Not even Evel Knievel could bridge this budget divide

There is perhaps no better metaphor for life in the Capitol these days than the Grand Canyon, symbolizing not just our gaping budget gap, but also the divide of opinion on solving it.

Like the canyon, California’s gap grew gradually, fed by a multitude of forces moving together to devastate our finances. Population growth, economic downturn, energy crisis, dot-com bust, housing collapse, natural disaster, ballot-box budgeting, healthcare costs, prison overcrowding.

None of them alone could have done so much damage. But together, one after another, year after year, they have brought us here, with a $15-billion deficit that persists despite $12 billion in cumulative cutting in recent years.

The depth of the deficit is exceeded only by the width of the chasm separating Democrats and Republicans who must sooner or later agree on a spending plan. This gap stems from some very basic beliefs about the role of government and community responsibility.

Some of my Republican friends might convince you that our differences focus on a willingness to spend. They have done a great job of painting Democrats as the “tax-and-spenders.” But that’s not what separates us. Republicans are only too happy to spend on programs they like. Several of them came to me and asked that my budget subcommittee protect one pet program or another. The real point of contention is what we think government can and should do.

We think government can and should serve people and make our daily pursuits safer and our outlooks brighter. Voters, on the whole, agree with this. But that’s not to say we are in perfect harmony. Recent statewide opinion polls showed that voters want both low taxes and high government spending. Likewise, they said they were willing to increase taxes, as long as somebody else would pay them. And they wanted massive spending cuts, as long as no programs were affected.

Many people think government spending doesn’t affect them. They have jobs, don’t depend on subsidized childcare, are too young or too healthy for government healthcare. So they go throughout their day unaware of the myriad benefits they take from government.

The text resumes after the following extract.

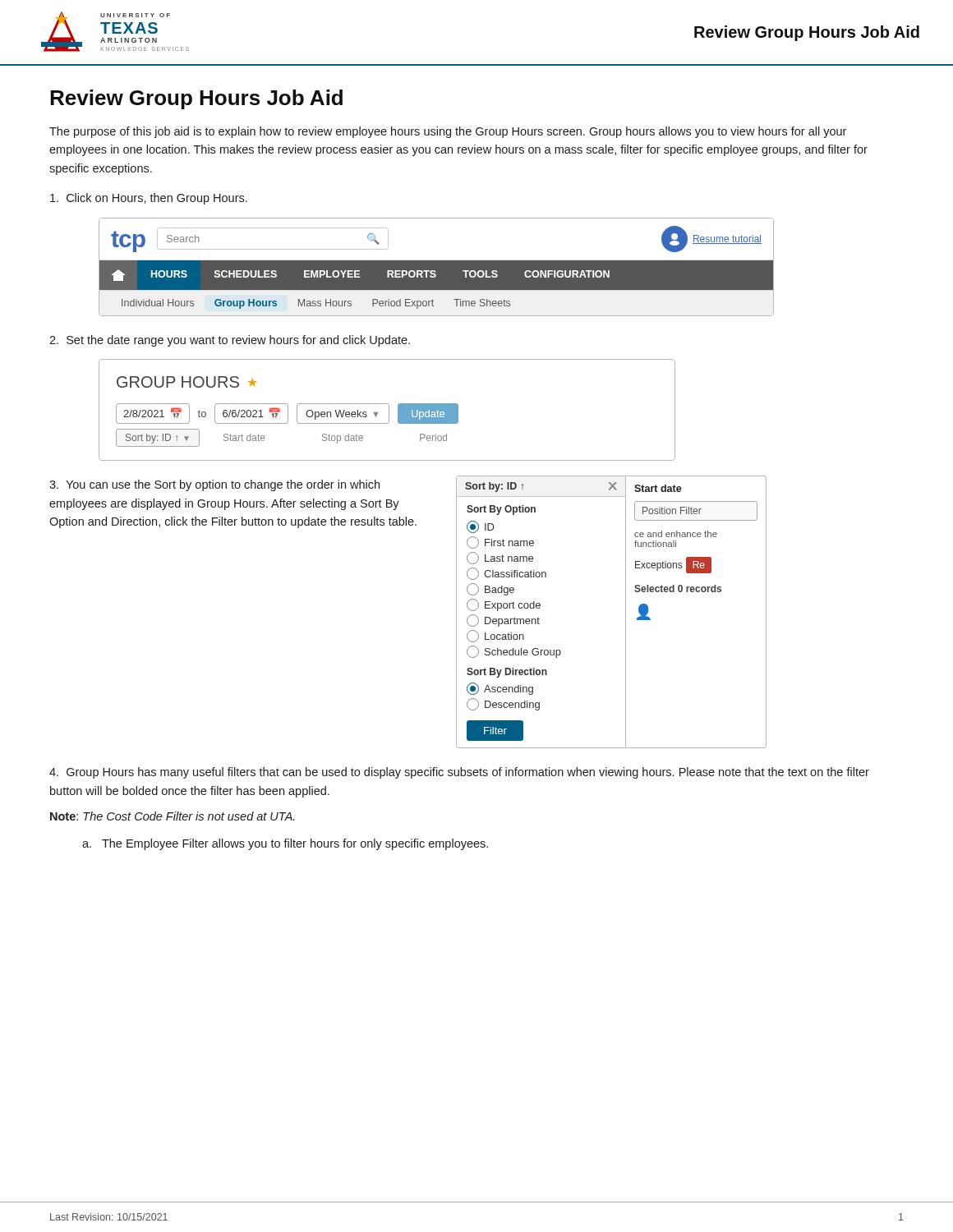Navigate to the text block starting "Review Group Hours Job Aid"
The image size is (953, 1232).
pos(197,98)
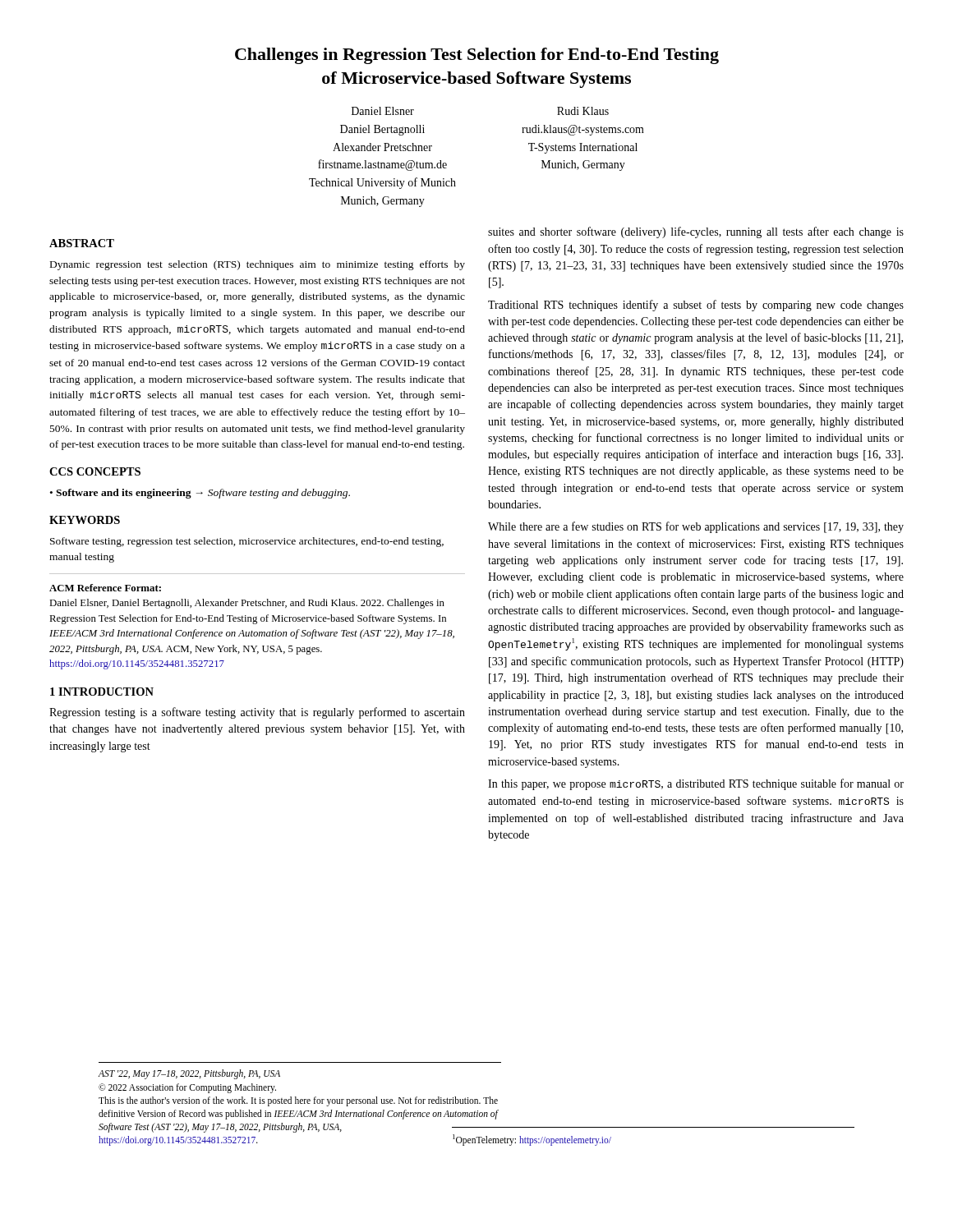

They wake up and make coffee with water that arrives in their pipes with the help of water districts. It is clean and safe because of regulations and standards set and enforced by government. They eat breakfast made up of food products that are regulated and inspected.

They go to work on a road built and maintained by tax dollars. Or they ride a bus run by a municipal authority. No matter how they travel, they do it where traffic rules and general security enforced by public safety officers.

It’s true that some of us can pay to educate our children without government assistance. But almost no one could maintain their own police and fire departments. And none of us could ever build our own roads and sewers and highways and bridges. We only have those things because we share, because we bundle our resources through taxes and we elect people to spend it in ways that benefits all of us.

And yet, the every-man-for-himself crowd tells us that government is ripping us off. They say we get nothing for our taxes. They say poor people are the only ones who benefit from government, and that the poor and weak should fend for themselves. But the fallacy of that argument is that none of us get through a single day without some help from government, even if we overlook it because of its ubiquity.

Sacrificing all those benefits to avoid restoring the very tax rates that were in place when the economy was blazing hot, makes no sense at all. In fact, once we reach across the ideological divide and agree on a spending plan, we can remind everyone that California is headed not toward a future of decline and decay, but a future of wise investment and robust opportunity.